> **Exercise instructions**
Taking the entries below, transcribe only the lines starting with the one with "Locate: the egg (0,0,639,479)" and going on through the one with "Please give every", exactly as written, without the pictures.

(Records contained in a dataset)
##############################

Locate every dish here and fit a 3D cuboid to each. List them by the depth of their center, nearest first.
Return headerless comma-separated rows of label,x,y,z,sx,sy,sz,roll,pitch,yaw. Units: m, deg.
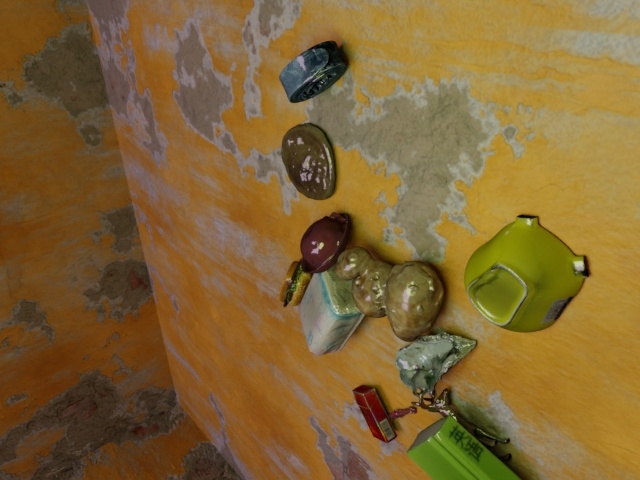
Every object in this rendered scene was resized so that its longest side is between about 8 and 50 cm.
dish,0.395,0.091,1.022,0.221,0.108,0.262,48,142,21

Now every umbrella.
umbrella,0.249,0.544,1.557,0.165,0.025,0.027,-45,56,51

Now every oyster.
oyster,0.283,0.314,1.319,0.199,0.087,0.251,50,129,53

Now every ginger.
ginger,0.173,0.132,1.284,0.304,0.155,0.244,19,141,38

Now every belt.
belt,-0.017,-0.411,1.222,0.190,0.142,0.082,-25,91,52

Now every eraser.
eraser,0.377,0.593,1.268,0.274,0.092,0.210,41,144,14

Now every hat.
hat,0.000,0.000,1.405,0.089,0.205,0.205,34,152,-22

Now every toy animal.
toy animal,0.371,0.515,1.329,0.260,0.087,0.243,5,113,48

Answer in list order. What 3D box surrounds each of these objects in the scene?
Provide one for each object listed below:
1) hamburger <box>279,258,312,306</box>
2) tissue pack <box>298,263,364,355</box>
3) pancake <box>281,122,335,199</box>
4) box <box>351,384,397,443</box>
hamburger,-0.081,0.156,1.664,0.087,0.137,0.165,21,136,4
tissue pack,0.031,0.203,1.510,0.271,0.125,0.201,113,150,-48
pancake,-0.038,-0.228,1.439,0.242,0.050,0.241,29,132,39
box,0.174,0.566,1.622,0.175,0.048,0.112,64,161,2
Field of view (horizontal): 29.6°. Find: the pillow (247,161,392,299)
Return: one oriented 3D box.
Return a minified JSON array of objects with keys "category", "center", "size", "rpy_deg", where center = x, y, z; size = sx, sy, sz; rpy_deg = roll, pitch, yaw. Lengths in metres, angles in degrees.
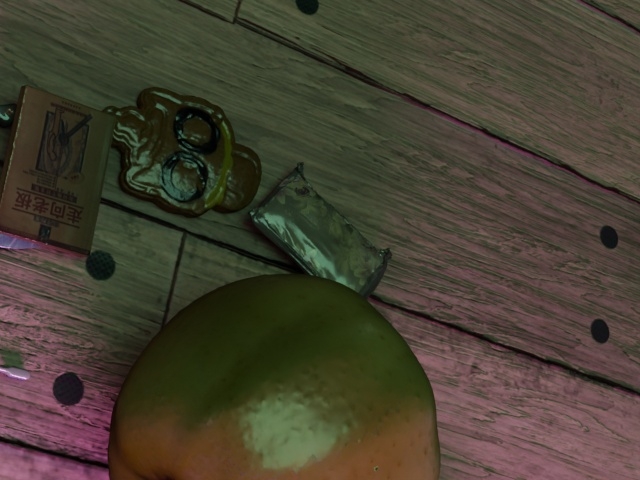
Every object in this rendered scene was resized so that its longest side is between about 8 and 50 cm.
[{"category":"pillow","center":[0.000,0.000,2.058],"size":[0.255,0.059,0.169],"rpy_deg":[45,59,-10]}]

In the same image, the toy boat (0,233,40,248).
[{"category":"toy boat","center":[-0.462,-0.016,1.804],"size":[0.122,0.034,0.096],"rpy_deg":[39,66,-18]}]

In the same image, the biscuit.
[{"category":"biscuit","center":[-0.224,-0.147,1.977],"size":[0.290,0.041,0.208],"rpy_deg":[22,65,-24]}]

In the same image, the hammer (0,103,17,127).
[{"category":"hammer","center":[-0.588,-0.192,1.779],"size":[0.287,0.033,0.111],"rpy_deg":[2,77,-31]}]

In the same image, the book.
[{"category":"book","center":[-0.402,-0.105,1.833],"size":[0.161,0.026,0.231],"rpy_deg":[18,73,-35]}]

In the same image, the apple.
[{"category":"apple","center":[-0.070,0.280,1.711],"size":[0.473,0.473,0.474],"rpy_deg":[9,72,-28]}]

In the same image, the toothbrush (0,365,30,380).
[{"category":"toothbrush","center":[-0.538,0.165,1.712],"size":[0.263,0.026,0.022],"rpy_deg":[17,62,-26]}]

##############################

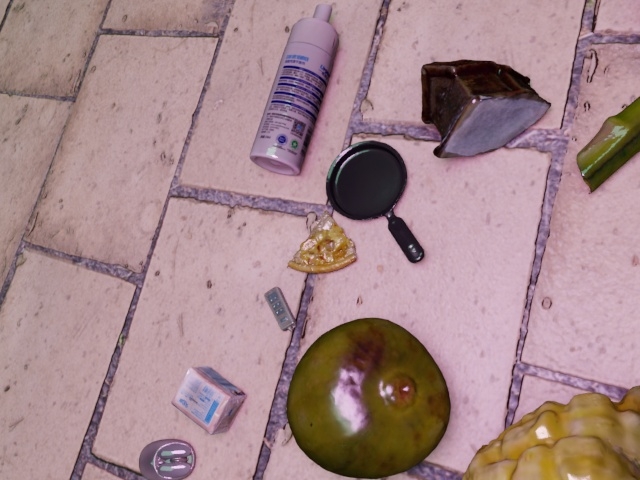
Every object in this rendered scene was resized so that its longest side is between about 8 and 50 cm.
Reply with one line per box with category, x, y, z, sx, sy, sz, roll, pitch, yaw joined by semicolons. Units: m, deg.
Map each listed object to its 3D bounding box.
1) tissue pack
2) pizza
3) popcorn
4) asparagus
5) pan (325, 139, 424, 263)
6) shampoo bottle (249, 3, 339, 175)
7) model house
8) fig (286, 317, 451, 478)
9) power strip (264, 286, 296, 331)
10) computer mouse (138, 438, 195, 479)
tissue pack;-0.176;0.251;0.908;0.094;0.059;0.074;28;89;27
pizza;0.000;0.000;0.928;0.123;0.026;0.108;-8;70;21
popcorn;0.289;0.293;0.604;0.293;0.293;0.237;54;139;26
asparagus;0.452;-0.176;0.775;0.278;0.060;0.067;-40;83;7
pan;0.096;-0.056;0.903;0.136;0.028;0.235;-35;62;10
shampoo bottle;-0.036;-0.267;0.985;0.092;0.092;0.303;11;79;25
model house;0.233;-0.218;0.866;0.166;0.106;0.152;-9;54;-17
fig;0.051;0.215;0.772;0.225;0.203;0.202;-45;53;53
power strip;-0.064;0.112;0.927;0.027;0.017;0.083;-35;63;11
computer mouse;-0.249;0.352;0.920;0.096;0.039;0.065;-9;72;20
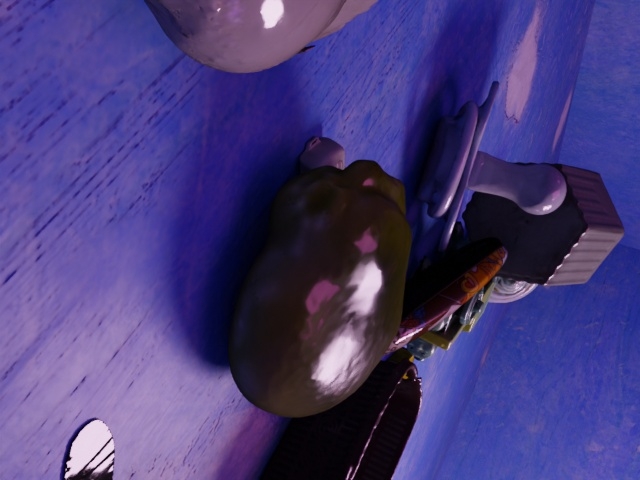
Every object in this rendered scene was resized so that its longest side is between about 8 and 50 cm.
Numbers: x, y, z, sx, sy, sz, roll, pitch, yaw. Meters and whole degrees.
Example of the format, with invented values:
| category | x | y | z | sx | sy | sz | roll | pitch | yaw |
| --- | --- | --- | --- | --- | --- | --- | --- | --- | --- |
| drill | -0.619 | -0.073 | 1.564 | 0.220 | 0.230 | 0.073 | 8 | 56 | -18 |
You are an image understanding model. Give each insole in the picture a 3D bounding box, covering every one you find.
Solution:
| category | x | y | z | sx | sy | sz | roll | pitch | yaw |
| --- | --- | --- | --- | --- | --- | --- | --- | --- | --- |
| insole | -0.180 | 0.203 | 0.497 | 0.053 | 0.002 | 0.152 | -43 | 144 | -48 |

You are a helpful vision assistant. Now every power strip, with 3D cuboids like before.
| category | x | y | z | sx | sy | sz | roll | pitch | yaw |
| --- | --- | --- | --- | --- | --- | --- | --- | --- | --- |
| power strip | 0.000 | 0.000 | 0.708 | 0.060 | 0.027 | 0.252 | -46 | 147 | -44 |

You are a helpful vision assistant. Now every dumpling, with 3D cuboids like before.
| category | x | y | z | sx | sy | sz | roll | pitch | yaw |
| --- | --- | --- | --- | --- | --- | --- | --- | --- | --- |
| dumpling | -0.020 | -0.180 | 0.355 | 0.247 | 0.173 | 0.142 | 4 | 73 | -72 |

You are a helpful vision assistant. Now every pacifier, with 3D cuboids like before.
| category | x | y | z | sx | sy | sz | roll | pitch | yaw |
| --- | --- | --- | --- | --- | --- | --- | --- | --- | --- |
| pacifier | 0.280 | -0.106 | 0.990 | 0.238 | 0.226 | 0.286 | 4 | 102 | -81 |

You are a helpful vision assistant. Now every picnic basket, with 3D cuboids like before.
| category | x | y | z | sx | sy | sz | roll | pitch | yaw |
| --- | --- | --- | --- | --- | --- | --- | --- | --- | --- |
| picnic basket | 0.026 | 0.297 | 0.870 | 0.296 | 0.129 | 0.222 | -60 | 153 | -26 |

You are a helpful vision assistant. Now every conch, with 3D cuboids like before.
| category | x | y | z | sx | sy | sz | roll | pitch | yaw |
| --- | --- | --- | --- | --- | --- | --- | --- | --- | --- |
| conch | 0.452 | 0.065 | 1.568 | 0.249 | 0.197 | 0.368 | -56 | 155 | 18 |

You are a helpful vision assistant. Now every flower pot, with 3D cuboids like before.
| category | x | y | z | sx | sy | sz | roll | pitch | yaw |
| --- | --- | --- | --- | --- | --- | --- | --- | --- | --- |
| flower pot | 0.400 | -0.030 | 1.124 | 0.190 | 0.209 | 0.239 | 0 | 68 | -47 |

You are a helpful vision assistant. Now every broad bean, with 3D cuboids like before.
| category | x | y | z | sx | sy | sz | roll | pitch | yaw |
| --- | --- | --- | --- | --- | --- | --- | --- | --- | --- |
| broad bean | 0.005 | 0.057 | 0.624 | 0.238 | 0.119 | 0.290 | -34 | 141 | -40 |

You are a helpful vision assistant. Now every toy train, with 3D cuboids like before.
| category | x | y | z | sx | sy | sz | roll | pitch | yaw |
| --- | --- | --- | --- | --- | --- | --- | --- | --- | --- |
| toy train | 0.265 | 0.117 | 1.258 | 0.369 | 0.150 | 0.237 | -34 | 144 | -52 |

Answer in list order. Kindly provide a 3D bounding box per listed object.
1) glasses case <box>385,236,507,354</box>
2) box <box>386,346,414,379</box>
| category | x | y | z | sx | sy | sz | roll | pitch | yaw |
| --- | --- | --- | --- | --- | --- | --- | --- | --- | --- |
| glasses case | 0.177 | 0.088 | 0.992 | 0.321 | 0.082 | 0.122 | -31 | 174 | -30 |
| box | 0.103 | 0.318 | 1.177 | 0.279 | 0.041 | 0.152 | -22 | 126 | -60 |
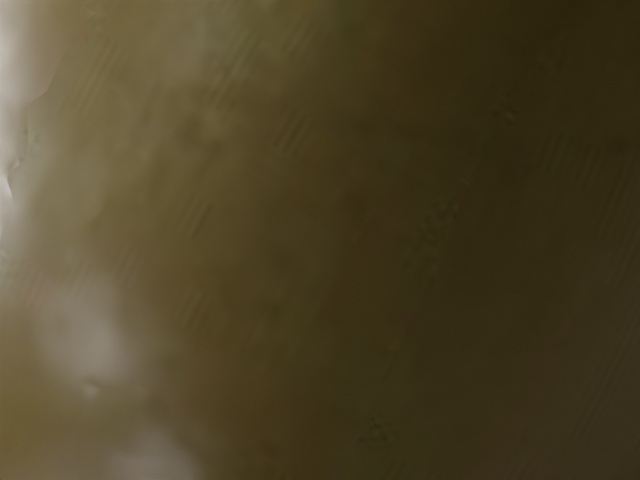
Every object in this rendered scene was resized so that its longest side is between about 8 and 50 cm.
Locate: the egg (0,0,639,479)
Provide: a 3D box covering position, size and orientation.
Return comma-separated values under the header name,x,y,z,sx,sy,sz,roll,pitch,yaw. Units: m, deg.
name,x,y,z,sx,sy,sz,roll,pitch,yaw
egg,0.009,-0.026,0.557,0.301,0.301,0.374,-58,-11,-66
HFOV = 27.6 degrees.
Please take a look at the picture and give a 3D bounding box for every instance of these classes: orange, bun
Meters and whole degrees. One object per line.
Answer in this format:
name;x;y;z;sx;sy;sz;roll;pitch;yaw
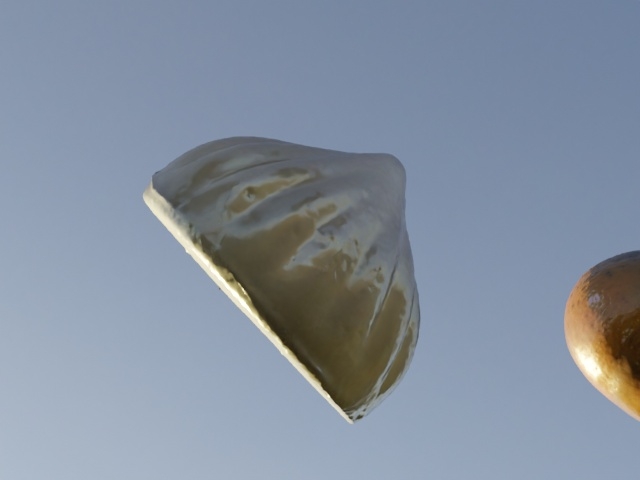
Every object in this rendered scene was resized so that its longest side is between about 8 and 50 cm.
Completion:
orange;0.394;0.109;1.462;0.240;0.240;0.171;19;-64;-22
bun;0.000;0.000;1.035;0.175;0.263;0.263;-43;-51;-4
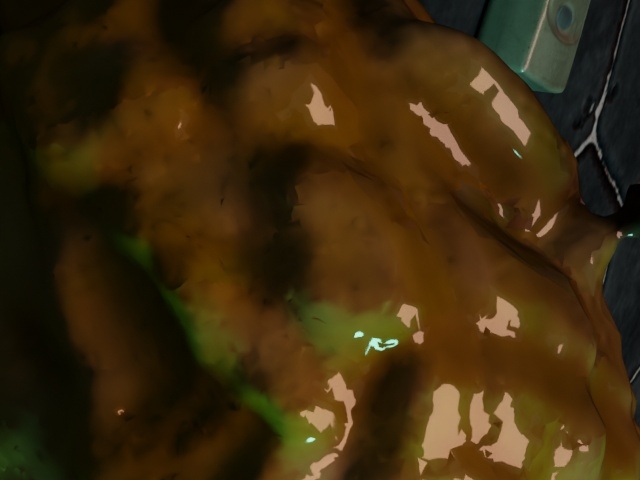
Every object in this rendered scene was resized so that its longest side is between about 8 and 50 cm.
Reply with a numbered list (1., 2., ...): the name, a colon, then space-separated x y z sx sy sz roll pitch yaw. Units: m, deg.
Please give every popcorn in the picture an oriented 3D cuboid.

##############################

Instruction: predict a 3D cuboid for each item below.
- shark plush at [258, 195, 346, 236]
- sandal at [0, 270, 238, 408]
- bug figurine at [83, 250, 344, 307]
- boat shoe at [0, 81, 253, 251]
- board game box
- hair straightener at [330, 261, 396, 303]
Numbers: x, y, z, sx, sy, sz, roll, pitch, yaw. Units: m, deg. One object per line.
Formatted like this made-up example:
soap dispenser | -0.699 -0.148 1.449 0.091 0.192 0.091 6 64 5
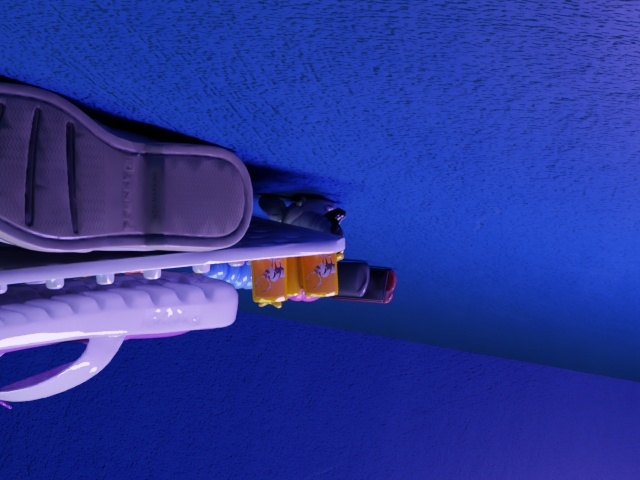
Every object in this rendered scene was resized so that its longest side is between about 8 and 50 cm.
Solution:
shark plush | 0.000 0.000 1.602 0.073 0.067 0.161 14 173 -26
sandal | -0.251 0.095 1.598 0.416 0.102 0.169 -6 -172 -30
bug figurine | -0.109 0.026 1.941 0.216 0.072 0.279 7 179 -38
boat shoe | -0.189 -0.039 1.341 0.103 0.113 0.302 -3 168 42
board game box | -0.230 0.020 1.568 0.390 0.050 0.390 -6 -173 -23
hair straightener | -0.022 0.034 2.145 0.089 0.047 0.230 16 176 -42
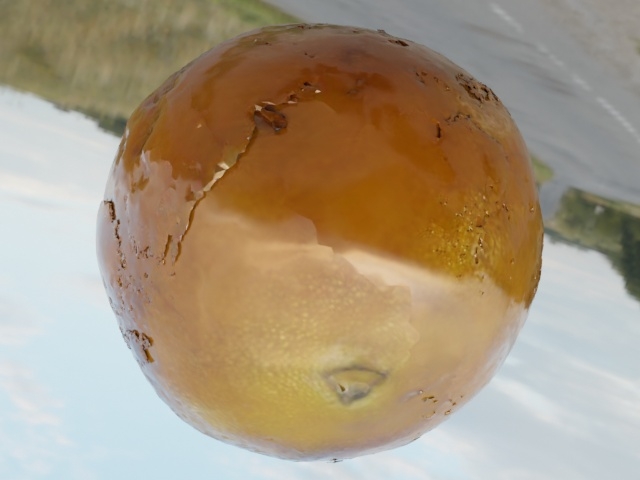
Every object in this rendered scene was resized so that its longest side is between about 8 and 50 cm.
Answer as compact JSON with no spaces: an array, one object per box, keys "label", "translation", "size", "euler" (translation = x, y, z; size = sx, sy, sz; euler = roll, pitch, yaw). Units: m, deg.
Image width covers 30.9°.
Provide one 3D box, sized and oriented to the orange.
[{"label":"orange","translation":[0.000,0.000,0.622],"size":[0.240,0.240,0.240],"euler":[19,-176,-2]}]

##############################

> **Written response**
Locate: the egg (0,0,639,479)
Provide: a 3D box covering position, size and orientation.
Return comma-separated values under the header name,x,y,z,sx,sy,sz,roll,pitch,yaw. Units: m, deg.
name,x,y,z,sx,sy,sz,roll,pitch,yaw
egg,0.009,-0.026,0.557,0.301,0.301,0.374,-58,-11,-66
HFOV = 27.6 degrees.
Please take a look at the picture and give a 3D bounding box for every instance of these classes: orange, bun
Meters and whole degrees. One object per line.
Answer in this format:
name;x;y;z;sx;sy;sz;roll;pitch;yaw
Every object in this rendered scene was resized so that its longest side is between about 8 and 50 cm.
Completion:
orange;0.394;0.109;1.462;0.240;0.240;0.171;19;-64;-22
bun;0.000;0.000;1.035;0.175;0.263;0.263;-43;-51;-4
Every object in this rendered scene was resized so that its longest side is between about 8 and 50 cm.
Reply with a numbered list (1., 2., ...): the name, a colon, then space-separated x y z sx sy sz roll pitch yaw. Units: m, deg.
Please give every popcorn in the picture an oriented 3D cuboid.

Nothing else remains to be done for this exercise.